* _Data supplied_:
● ● ● ● ● ● ●

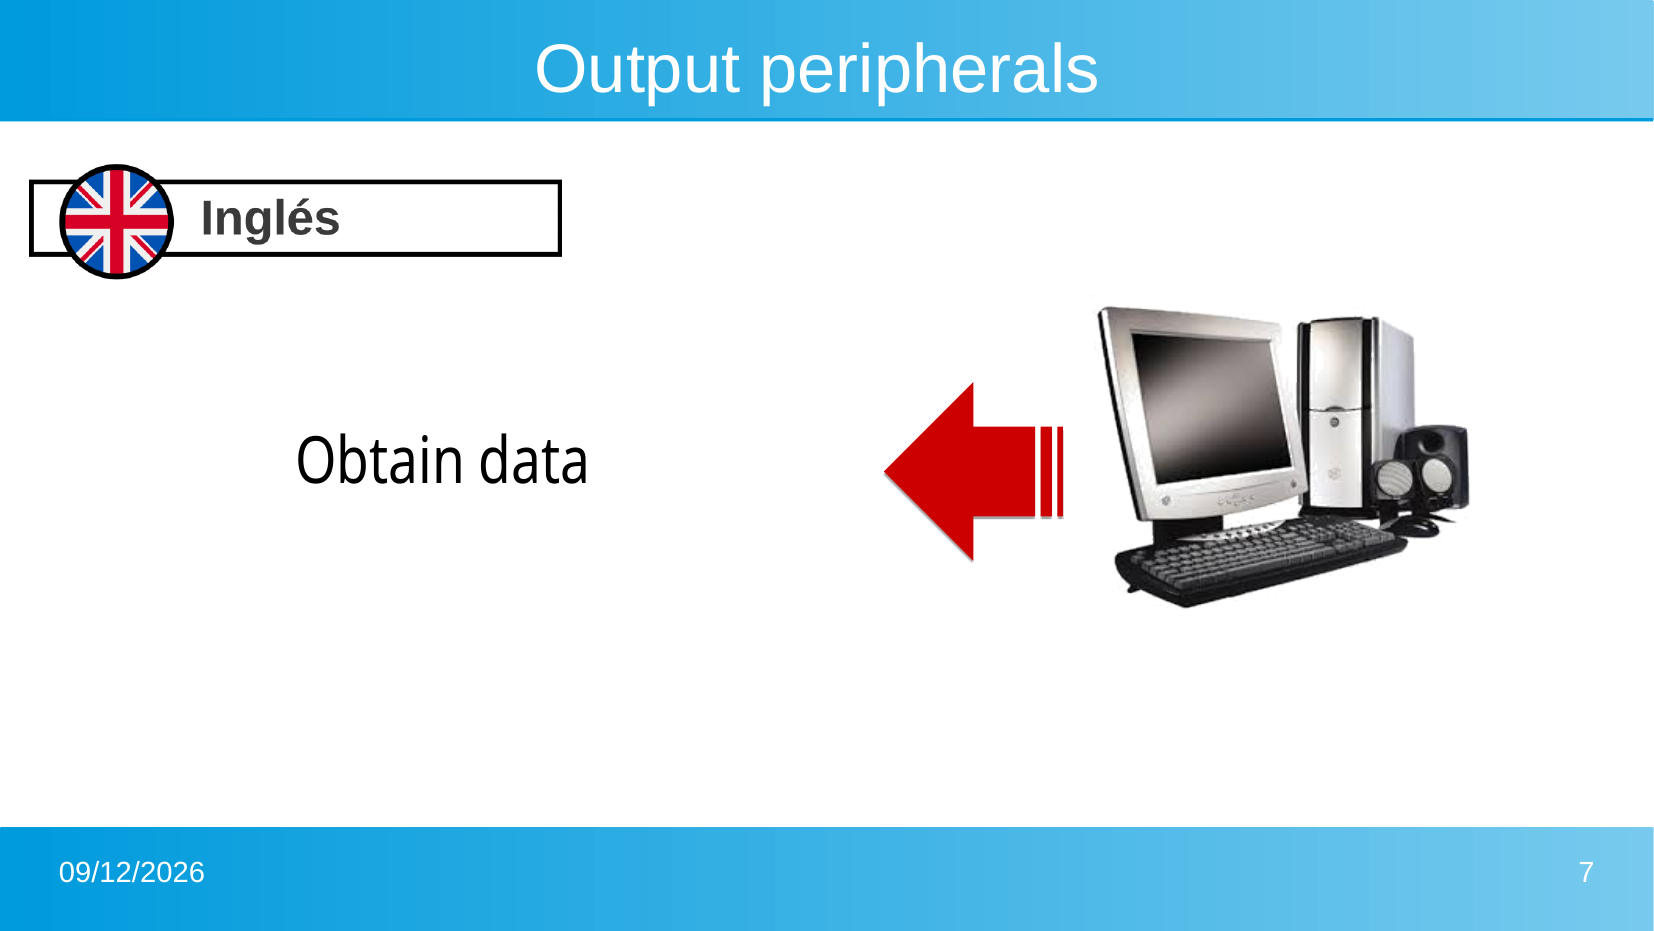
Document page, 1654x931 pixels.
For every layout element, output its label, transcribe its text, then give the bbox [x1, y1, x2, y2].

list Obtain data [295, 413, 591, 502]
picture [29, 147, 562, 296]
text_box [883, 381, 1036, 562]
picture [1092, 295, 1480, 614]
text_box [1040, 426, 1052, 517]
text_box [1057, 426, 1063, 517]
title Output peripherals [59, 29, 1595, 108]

● ● ● ● ● ● ●

* _Problem to solve_: The output should consist of every entry above, printed exactly, with the images removed.

* _Written solution_:
Document page, 1654x931 pixels.
For every layout element, output its label, transcribe its text, then give the bbox [x1, y1, x2, y2].

list Obtain data [295, 413, 591, 502]
picture [29, 147, 562, 296]
text_box [883, 381, 1036, 562]
picture [1092, 295, 1480, 614]
text_box [1040, 426, 1052, 517]
text_box [1057, 426, 1063, 517]
title Output peripherals [59, 29, 1595, 108]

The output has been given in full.